Performance

MerLin is a quantum machine learning framework designed specifically for photonic quantum computing, leveraging the unique properties of single-photon quantum systems.

MerLin Quantum Layers can be executed on either CPU or GPU, like any other PyTorch module:

import merlin as ML # Package: merlinquantum, import: merlin
import torch

device = torch.device('cuda' if torch.cuda.is_available() else 'cpu')

# Create a simple quantum layer
quantum_layer = ML.QuantumLayer.simple(
    input_size=3,
    n_params=50,  # Number of trainable quantum parameters
    device = device
)

Therefore, these Quantum Layers must be optimized for efficient GPU execution across varying batch sizes, mode counts, and photon numbers.

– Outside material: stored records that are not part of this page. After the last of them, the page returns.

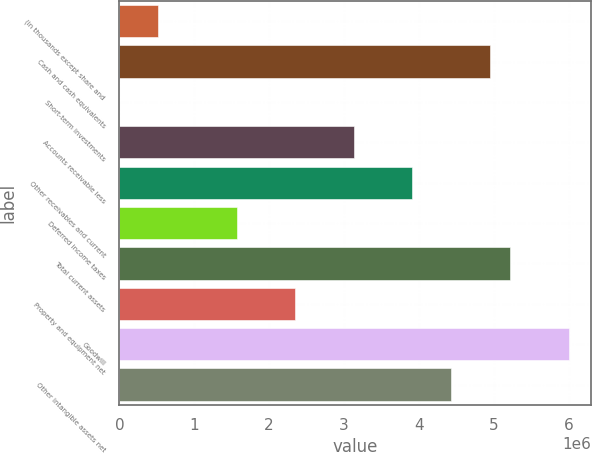Convert chart. <chart><loc_0><loc_0><loc_500><loc_500><bar_chart><fcel>(in thousands except share and<fcel>Cash and cash equivalents<fcel>Short-term investments<fcel>Accounts receivable less<fcel>Other receivables and current<fcel>Deferred income taxes<fcel>Total current assets<fcel>Property and equipment net<fcel>Goodwill<fcel>Other intangible assets net<nl><fcel>521845<fcel>4.95369e+06<fcel>452<fcel>3.12881e+06<fcel>3.9109e+06<fcel>1.56463e+06<fcel>5.21438e+06<fcel>2.34672e+06<fcel>5.99647e+06<fcel>4.43229e+06<nl></chart> 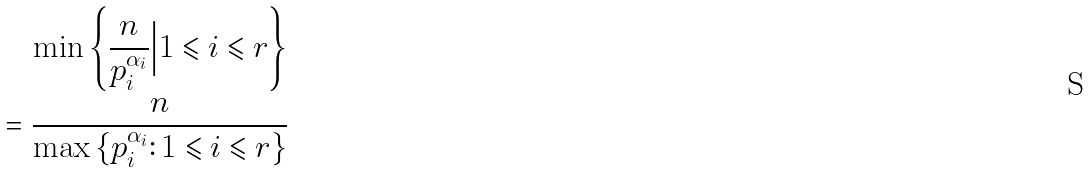<formula> <loc_0><loc_0><loc_500><loc_500>& \quad \min \left \{ \frac { n } { p _ { i } ^ { \alpha _ { i } } } \Big | 1 \leqslant i \leqslant r \right \} \\ & = \frac { n } { \max \left \{ p _ { i } ^ { \alpha _ { i } } \colon 1 \leqslant i \leqslant r \right \} }</formula> 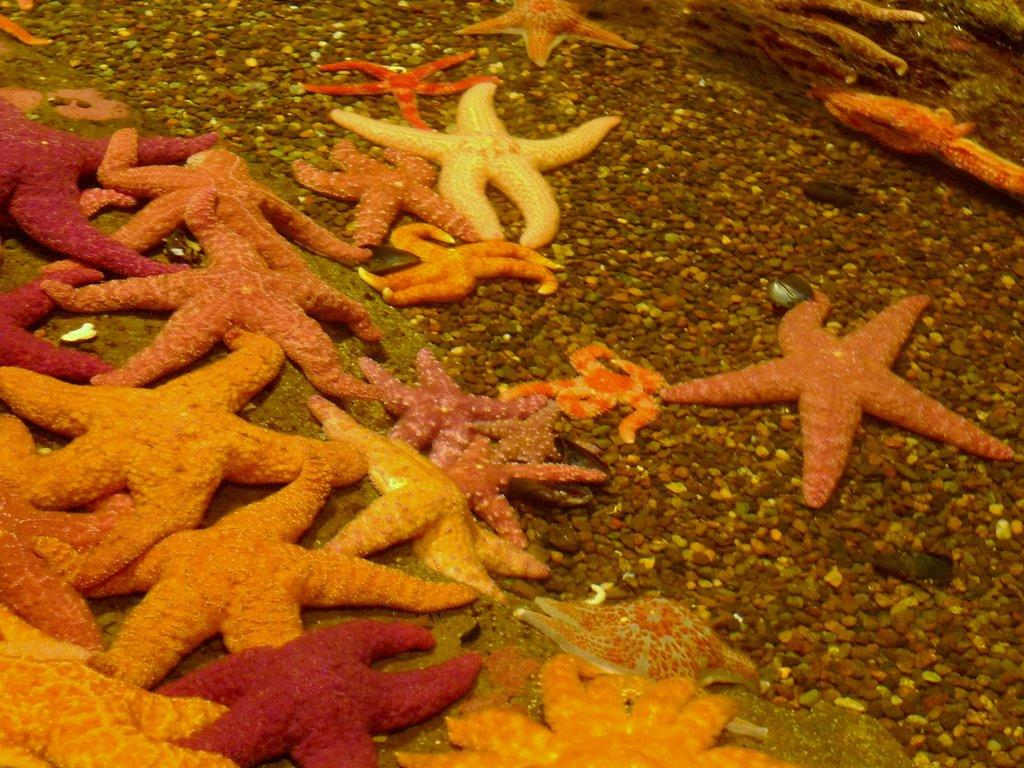What type of marine animals can be seen on the ground in the image? There are starfishes on the ground in the image. What else can be found on the ground in the image? There are many stones on the ground in the image. What type of hall can be seen in the image? There is no hall present in the image; it features starfishes and stones on the ground. What type of amusement can be found in the image? There is no amusement present in the image; it features starfishes and stones on the ground. 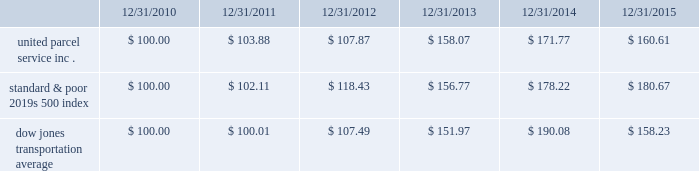Shareowner return performance graph the following performance graph and related information shall not be deemed 201csoliciting material 201d or to be 201cfiled 201d with the sec , nor shall such information be incorporated by reference into any future filing under the securities act of 1933 or securities exchange act of 1934 , each as amended , except to the extent that the company specifically incorporates such information by reference into such filing .
The following graph shows a five year comparison of cumulative total shareowners 2019 returns for our class b common stock , the standard & poor 2019s 500 index , and the dow jones transportation average .
The comparison of the total cumulative return on investment , which is the change in the quarterly stock price plus reinvested dividends for each of the quarterly periods , assumes that $ 100 was invested on december 31 , 2010 in the standard & poor 2019s 500 index , the dow jones transportation average , and our class b common stock. .

What was the difference in percentage total cumulative return on investment for united parcel service inc . compared to the standard & poor 2019s 500 index the for the five year period ending 12/31/2015? 
Computations: (((160.61 - 100) / 100) - ((180.67 - 100) / 100))
Answer: -0.2006. 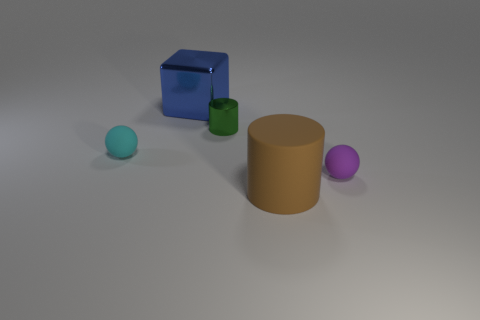What number of large blue objects are there?
Offer a terse response. 1. What number of other tiny objects are the same material as the cyan thing?
Your answer should be compact. 1. There is another object that is the same shape as the cyan thing; what size is it?
Your response must be concise. Small. What is the brown object made of?
Ensure brevity in your answer.  Rubber. What material is the large thing on the right side of the big blue object behind the tiny object that is in front of the cyan rubber thing?
Your response must be concise. Rubber. Is there any other thing that has the same shape as the tiny purple object?
Ensure brevity in your answer.  Yes. What color is the other small thing that is the same shape as the purple object?
Ensure brevity in your answer.  Cyan. Do the small rubber sphere left of the blue block and the small sphere on the right side of the small cyan rubber thing have the same color?
Offer a terse response. No. Is the number of cyan spheres that are left of the small purple matte thing greater than the number of large cyan things?
Ensure brevity in your answer.  Yes. What number of other objects are there of the same size as the brown cylinder?
Make the answer very short. 1. 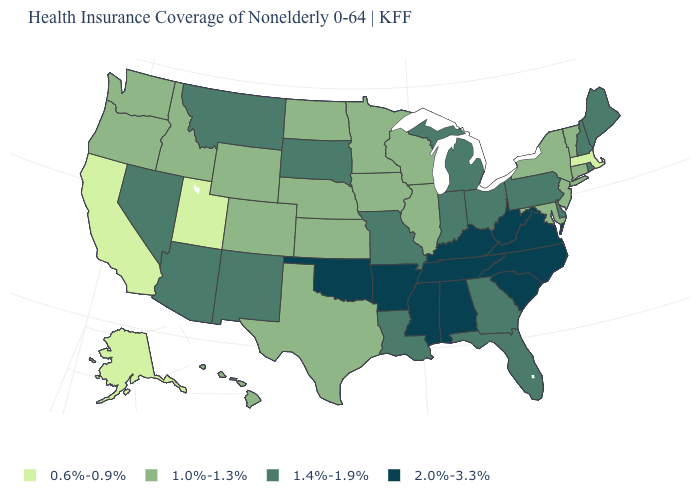Does Alaska have the lowest value in the USA?
Short answer required. Yes. What is the value of North Carolina?
Write a very short answer. 2.0%-3.3%. What is the value of South Carolina?
Be succinct. 2.0%-3.3%. Does South Dakota have the highest value in the MidWest?
Give a very brief answer. Yes. What is the value of Oklahoma?
Keep it brief. 2.0%-3.3%. Name the states that have a value in the range 0.6%-0.9%?
Concise answer only. Alaska, California, Massachusetts, Utah. What is the value of Oregon?
Concise answer only. 1.0%-1.3%. Does Alaska have a lower value than California?
Keep it brief. No. What is the lowest value in states that border Maryland?
Concise answer only. 1.4%-1.9%. What is the lowest value in the USA?
Answer briefly. 0.6%-0.9%. What is the lowest value in the Northeast?
Concise answer only. 0.6%-0.9%. What is the highest value in states that border Oklahoma?
Quick response, please. 2.0%-3.3%. What is the lowest value in the USA?
Answer briefly. 0.6%-0.9%. Among the states that border Delaware , does New Jersey have the highest value?
Keep it brief. No. Does California have the lowest value in the USA?
Concise answer only. Yes. 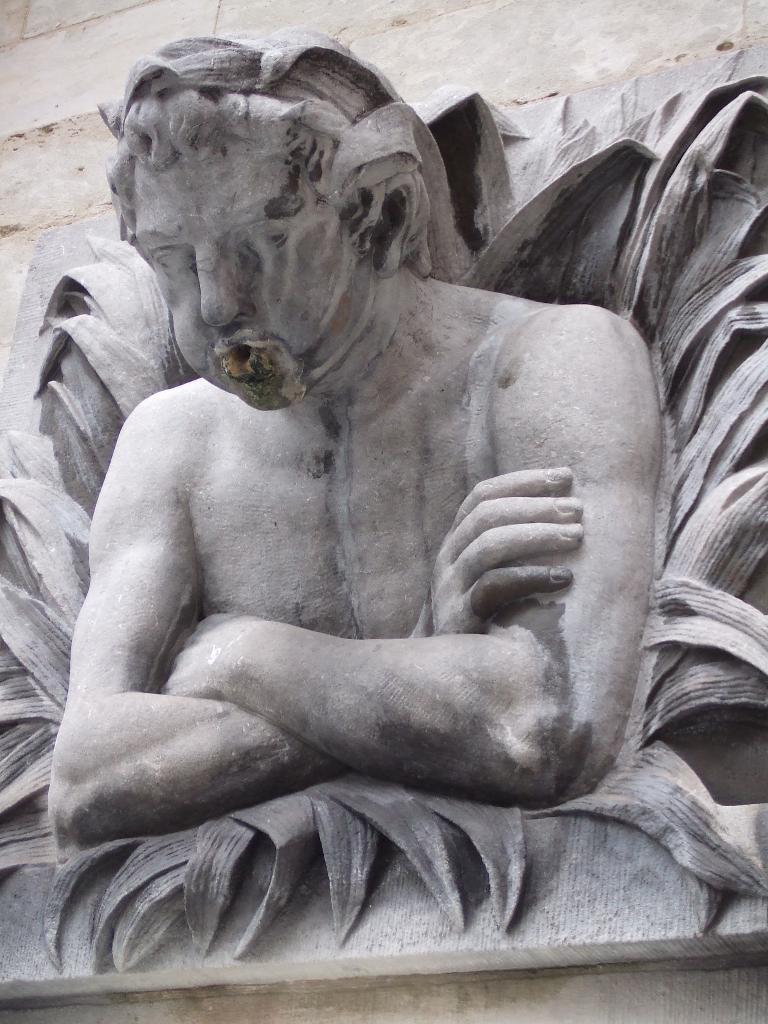Please provide a concise description of this image. In the picture I can see a sculpture of a person and there are some other objects in the background. 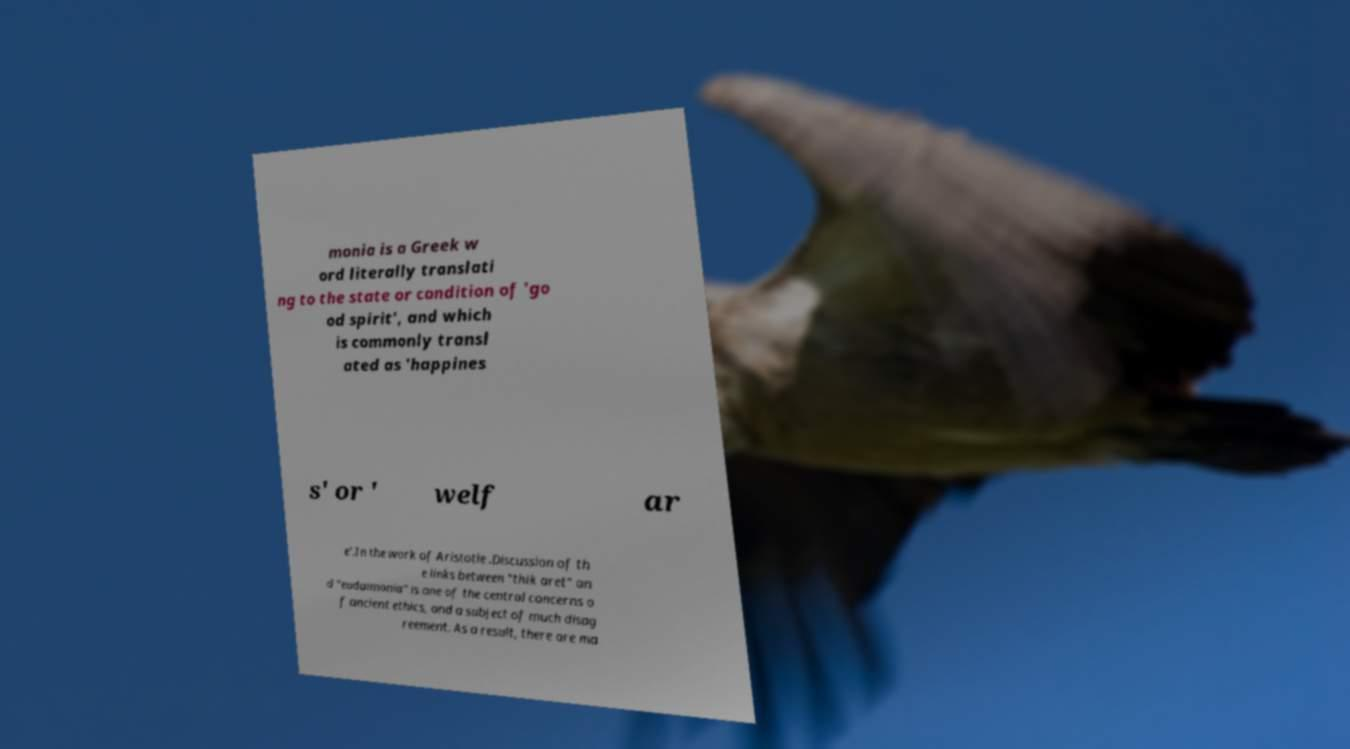Can you read and provide the text displayed in the image?This photo seems to have some interesting text. Can you extract and type it out for me? monia is a Greek w ord literally translati ng to the state or condition of 'go od spirit', and which is commonly transl ated as 'happines s' or ' welf ar e'.In the work of Aristotle .Discussion of th e links between "thik aret" an d "eudaimonia" is one of the central concerns o f ancient ethics, and a subject of much disag reement. As a result, there are ma 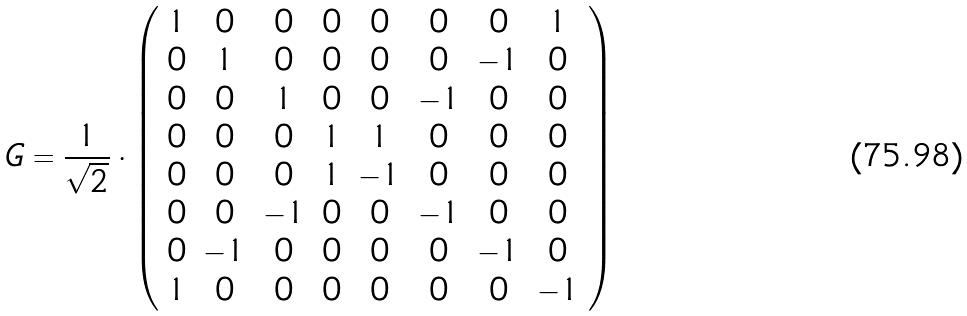<formula> <loc_0><loc_0><loc_500><loc_500>G = \frac { 1 } { \sqrt { 2 } } \cdot \left ( \begin{array} { c c c c c c c c } 1 & 0 & 0 & 0 & 0 & 0 & 0 & 1 \\ 0 & 1 & 0 & 0 & 0 & 0 & - 1 & 0 \\ 0 & 0 & 1 & 0 & 0 & - 1 & 0 & 0 \\ 0 & 0 & 0 & 1 & 1 & 0 & 0 & 0 \\ 0 & 0 & 0 & 1 & - 1 & 0 & 0 & 0 \\ 0 & 0 & - 1 & 0 & 0 & - 1 & 0 & 0 \\ 0 & - 1 & 0 & 0 & 0 & 0 & - 1 & 0 \\ 1 & 0 & 0 & 0 & 0 & 0 & 0 & - 1 \end{array} \right )</formula> 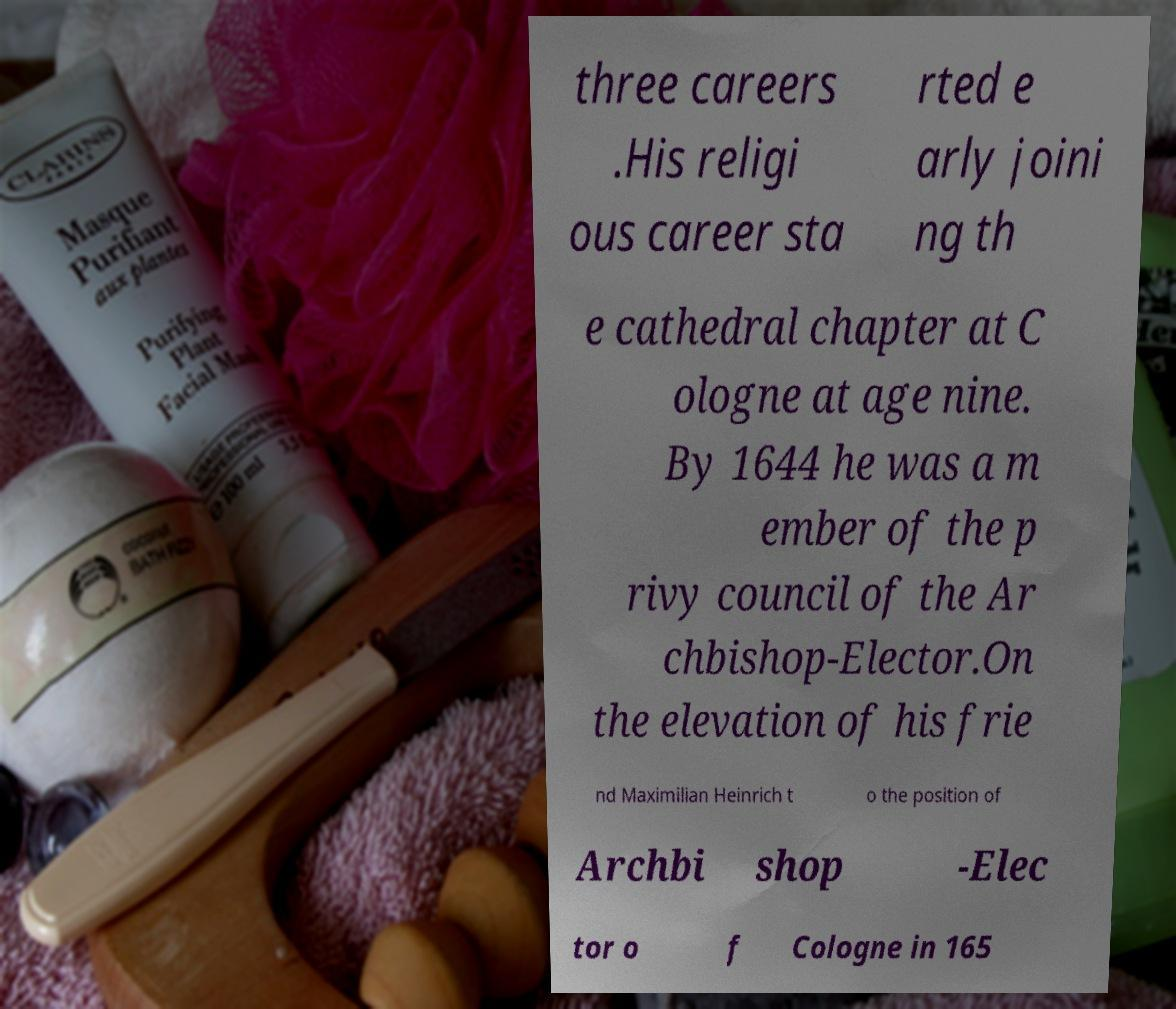I need the written content from this picture converted into text. Can you do that? three careers .His religi ous career sta rted e arly joini ng th e cathedral chapter at C ologne at age nine. By 1644 he was a m ember of the p rivy council of the Ar chbishop-Elector.On the elevation of his frie nd Maximilian Heinrich t o the position of Archbi shop -Elec tor o f Cologne in 165 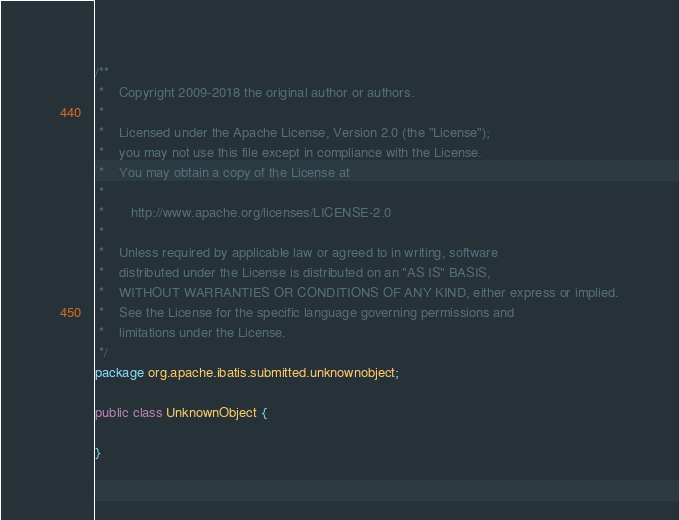<code> <loc_0><loc_0><loc_500><loc_500><_Java_>/**
 *    Copyright 2009-2018 the original author or authors.
 *
 *    Licensed under the Apache License, Version 2.0 (the "License");
 *    you may not use this file except in compliance with the License.
 *    You may obtain a copy of the License at
 *
 *       http://www.apache.org/licenses/LICENSE-2.0
 *
 *    Unless required by applicable law or agreed to in writing, software
 *    distributed under the License is distributed on an "AS IS" BASIS,
 *    WITHOUT WARRANTIES OR CONDITIONS OF ANY KIND, either express or implied.
 *    See the License for the specific language governing permissions and
 *    limitations under the License.
 */
package org.apache.ibatis.submitted.unknownobject;

public class UnknownObject {

}
</code> 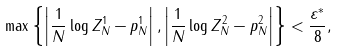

Here, we analyze the memory and computation time requirements for running a GenericInterferometer with \(m\) modes and \(2m(m-1)\) trainable parameters (\(m(m-1)\) beam splitters and \(m(m-1)\) phase shifters). The analysis was performed on an NVIDIA H100 GPU with 80GB of VRAM. We run a simple code that you can find here, in which we want to learn a target distribution by training the beam splitters and phase shifters of our interferometer. We have used the pyNVML library for memory monitoring (documentation)

Memory Performance

First, we analyze the performance needed to train an interferometer with m modes using m//2 photons for m from 2 to 24 and varying the batch size from 1 to 2048.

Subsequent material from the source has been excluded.